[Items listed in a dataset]
════════════════════

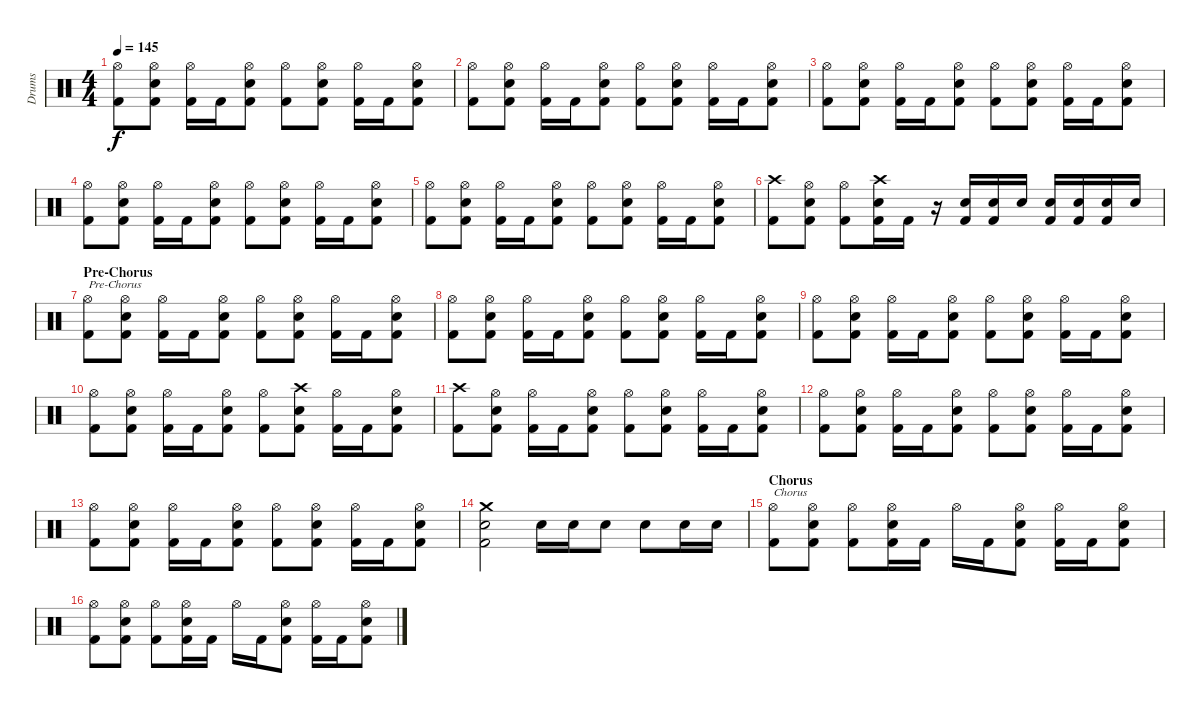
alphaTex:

\track ("Drums" "Drums") {instrument percussion}
\staff {score}
\articulation defaults
\ts (4 4)
\tempo 145
\clef neutral
\ks c
("Hi-Hat (open)" "Kick (hit) 2").8{dy f} ("Hi-Hat (open)" "Electric Snare (hit)" "Kick (hit) 2").8 ("Hi-Hat (open)" "Kick (hit) 2").16 "Kick (hit) 2".16 ("Hi-Hat (open)" "Electric Snare (hit)" "Kick (hit) 2").8 ("Hi-Hat (open)" "Kick (hit) 2").8 ("Hi-Hat (open)" "Electric Snare (hit)" "Kick (hit) 2").8 ("Hi-Hat (open)" "Kick (hit) 2").16 "Kick (hit) 2".16 ("Hi-Hat (open)" "Electric Snare (hit)" "Kick (hit) 2").8 |
("Hi-Hat (open)" "Kick (hit) 2").8 ("Hi-Hat (open)" "Electric Snare (hit)" "Kick (hit) 2").8 ("Hi-Hat (open)" "Kick (hit) 2").16 "Kick (hit) 2".16 ("Hi-Hat (open)" "Electric Snare (hit)" "Kick (hit) 2").8 ("Hi-Hat (open)" "Kick (hit) 2").8 ("Hi-Hat (open)" "Electric Snare (hit)" "Kick (hit) 2").8 ("Hi-Hat (open)" "Kick (hit) 2").16 "Kick (hit) 2".16 ("Hi-Hat (open)" "Electric Snare (hit)" "Kick (hit) 2").8 |
("Hi-Hat (open)" "Kick (hit) 2").8 ("Hi-Hat (open)" "Electric Snare (hit)" "Kick (hit) 2").8 ("Hi-Hat (open)" "Kick (hit) 2").16 "Kick (hit) 2".16 ("Hi-Hat (open)" "Electric Snare (hit)" "Kick (hit) 2").8 ("Hi-Hat (open)" "Kick (hit) 2").8 ("Hi-Hat (open)" "Electric Snare (hit)" "Kick (hit) 2").8 ("Hi-Hat (open)" "Kick (hit) 2").16 "Kick (hit) 2".16 ("Hi-Hat (open)" "Electric Snare (hit)" "Kick (hit) 2").8 |
("Hi-Hat (open)" "Kick (hit) 2").8 ("Hi-Hat (open)" "Electric Snare (hit)" "Kick (hit) 2").8 ("Hi-Hat (open)" "Kick (hit) 2").16 "Kick (hit) 2".16 ("Hi-Hat (open)" "Electric Snare (hit)" "Kick (hit) 2").8 ("Hi-Hat (open)" "Kick (hit) 2").8 ("Hi-Hat (open)" "Electric Snare (hit)" "Kick (hit) 2").8 ("Hi-Hat (open)" "Kick (hit) 2").16 "Kick (hit) 2".16 ("Hi-Hat (open)" "Electric Snare (hit)" "Kick (hit) 2").8 |
("Hi-Hat (open)" "Kick (hit) 2").8 ("Hi-Hat (open)" "Electric Snare (hit)" "Kick (hit) 2").8 ("Hi-Hat (open)" "Kick (hit) 2").16 "Kick (hit) 2".16 ("Hi-Hat (open)" "Electric Snare (hit)" "Kick (hit) 2").8 ("Hi-Hat (open)" "Kick (hit) 2").8 ("Hi-Hat (open)" "Electric Snare (hit)" "Kick (hit) 2").8 ("Hi-Hat (open)" "Kick (hit) 2").16 "Kick (hit) 2".16 ("Hi-Hat (open)" "Electric Snare (hit)" "Kick (hit) 2").8 |
("Crash high (hit)" "Kick (hit) 2").8 ("Hi-Hat (open)" "Electric Snare (hit)" "Kick (hit) 2").8 ("Hi-Hat (open)" "Kick (hit) 2").8 ("Crash high (hit)" "Electric Snare (hit)" "Kick (hit) 2").16 "Kick (hit) 2".16 r.16 ("Electric Snare (hit)" "Kick (hit) 2").16 ("Electric Snare (hit)" "Kick (hit) 2").16 "Electric Snare (hit)".16 ("Electric Snare (hit)" "Kick (hit) 2").16 ("Electric Snare (hit)" "Kick (hit) 2").16 ("Electric Snare (hit)" "Kick (hit) 2").16 "Electric Snare (hit)".16 |
\section ("" "Pre-Chorus")
("Hi-Hat (open)" "Kick (hit) 2").8{txt "Pre-Chorus"} ("Hi-Hat (open)" "Electric Snare (hit)" "Kick (hit) 2").8 ("Hi-Hat (open)" "Kick (hit) 2").16 "Kick (hit) 2".16 ("Hi-Hat (open)" "Electric Snare (hit)" "Kick (hit) 2").8 ("Hi-Hat (open)" "Kick (hit) 2").8 ("Hi-Hat (open)" "Electric Snare (hit)" "Kick (hit) 2").8 ("Hi-Hat (open)" "Kick (hit) 2").16 "Kick (hit) 2".16 ("Hi-Hat (open)" "Electric Snare (hit)" "Kick (hit) 2").8 |
("Hi-Hat (open)" "Kick (hit) 2").8 ("Hi-Hat (open)" "Electric Snare (hit)" "Kick (hit) 2").8 ("Hi-Hat (open)" "Kick (hit) 2").16 "Kick (hit) 2".16 ("Hi-Hat (open)" "Electric Snare (hit)" "Kick (hit) 2").8 ("Hi-Hat (open)" "Kick (hit) 2").8 ("Hi-Hat (open)" "Electric Snare (hit)" "Kick (hit) 2").8 ("Hi-Hat (open)" "Kick (hit) 2").16 "Kick (hit) 2".16 ("Hi-Hat (open)" "Electric Snare (hit)" "Kick (hit) 2").8 |
("Hi-Hat (open)" "Kick (hit) 2").8 ("Hi-Hat (open)" "Electric Snare (hit)" "Kick (hit) 2").8 ("Hi-Hat (open)" "Kick (hit) 2").16 "Kick (hit) 2".16 ("Hi-Hat (open)" "Electric Snare (hit)" "Kick (hit) 2").8 ("Hi-Hat (open)" "Kick (hit) 2").8 ("Hi-Hat (open)" "Electric Snare (hit)" "Kick (hit) 2").8 ("Hi-Hat (open)" "Kick (hit) 2").16 "Kick (hit) 2".16 ("Hi-Hat (open)" "Electric Snare (hit)" "Kick (hit) 2").8 |
("Hi-Hat (open)" "Kick (hit) 2").8 ("Hi-Hat (open)" "Electric Snare (hit)" "Kick (hit) 2").8 ("Hi-Hat (open)" "Kick (hit) 2").16 "Kick (hit) 2".16 ("Hi-Hat (open)" "Electric Snare (hit)" "Kick (hit) 2").8 ("Hi-Hat (open)" "Kick (hit) 2").8 ("Crash high (hit)" "Electric Snare (hit)" "Kick (hit) 2").8 ("Hi-Hat (open)" "Kick (hit) 2").16 "Kick (hit) 2".16 ("Hi-Hat (open)" "Electric Snare (hit)" "Kick (hit) 2").8 |
("Crash high (hit)" "Kick (hit) 2").8 ("Hi-Hat (open)" "Electric Snare (hit)" "Kick (hit) 2").8 ("Hi-Hat (open)" "Kick (hit) 2").16 "Kick (hit) 2".16 ("Hi-Hat (open)" "Electric Snare (hit)" "Kick (hit) 2").8 ("Hi-Hat (open)" "Kick (hit) 2").8 ("Hi-Hat (open)" "Electric Snare (hit)" "Kick (hit) 2").8 ("Hi-Hat (open)" "Kick (hit) 2").16 "Kick (hit) 2".16 ("Hi-Hat (open)" "Electric Snare (hit)" "Kick (hit) 2").8 |
("Hi-Hat (open)" "Kick (hit) 2").8 ("Hi-Hat (open)" "Electric Snare (hit)" "Kick (hit) 2").8 ("Hi-Hat (open)" "Kick (hit) 2").16 "Kick (hit) 2".16 ("Hi-Hat (open)" "Electric Snare (hit)" "Kick (hit) 2").8 ("Hi-Hat (open)" "Kick (hit) 2").8 ("Hi-Hat (open)" "Electric Snare (hit)" "Kick (hit) 2").8 ("Hi-Hat (open)" "Kick (hit) 2").16 "Kick (hit) 2".16 ("Hi-Hat (open)" "Electric Snare (hit)" "Kick (hit) 2").8 |
("Hi-Hat (open)" "Kick (hit) 2").8 ("Hi-Hat (open)" "Electric Snare (hit)" "Kick (hit) 2").8 ("Hi-Hat (open)" "Kick (hit) 2").16 "Kick (hit) 2".16 ("Hi-Hat (open)" "Electric Snare (hit)" "Kick (hit) 2").8 ("Hi-Hat (open)" "Kick (hit) 2").8 ("Hi-Hat (open)" "Electric Snare (hit)" "Kick (hit) 2").8 ("Hi-Hat (open)" "Kick (hit) 2").16 "Kick (hit) 2".16 ("Hi-Hat (open)" "Electric Snare (hit)" "Kick (hit) 2").8 |
("Crash medium (hit)" "Electric Snare (hit)" "Kick (hit) 2").2 "Electric Snare (hit)".16 "Electric Snare (hit)".16 "Electric Snare (hit)".8 "Electric Snare (hit)".8 "Electric Snare (hit)".16 "Electric Snare (hit)".16 |
\section ("" "Chorus")
("Hi-Hat (open)" "Kick (hit) 2").8{txt "Chorus"} ("Hi-Hat (open)" "Electric Snare (hit)" "Kick (hit) 2").8 ("Hi-Hat (open)" "Kick (hit) 2").8 ("Hi-Hat (open)" "Electric Snare (hit)" "Kick (hit) 2").16 "Kick (hit) 2".16 "Hi-Hat (open)".16 "Kick (hit) 2".16 ("Hi-Hat (open)" "Electric Snare (hit)" "Kick (hit) 2").8 ("Hi-Hat (open)" "Kick (hit) 2").16 "Kick (hit) 2".16 ("Hi-Hat (open)" "Electric Snare (hit)" "Kick (hit) 2").8 |
("Hi-Hat (open)" "Kick (hit) 2").8 ("Hi-Hat (open)" "Electric Snare (hit)" "Kick (hit) 2").8 ("Hi-Hat (open)" "Kick (hit) 2").8 ("Hi-Hat (open)" "Electric Snare (hit)" "Kick (hit) 2").16 "Kick (hit) 2".16 "Hi-Hat (open)".16 "Kick (hit) 2".16 ("Hi-Hat (open)" "Electric Snare (hit)" "Kick (hit) 2").8 ("Hi-Hat (open)" "Kick (hit) 2").16 "Kick (hit) 2".16 ("Hi-Hat (open)" "Electric Snare (hit)" "Kick (hit) 2").8

════════════════════

Go over the entries above and say how many lines hold the string "Crash", with no other text.

4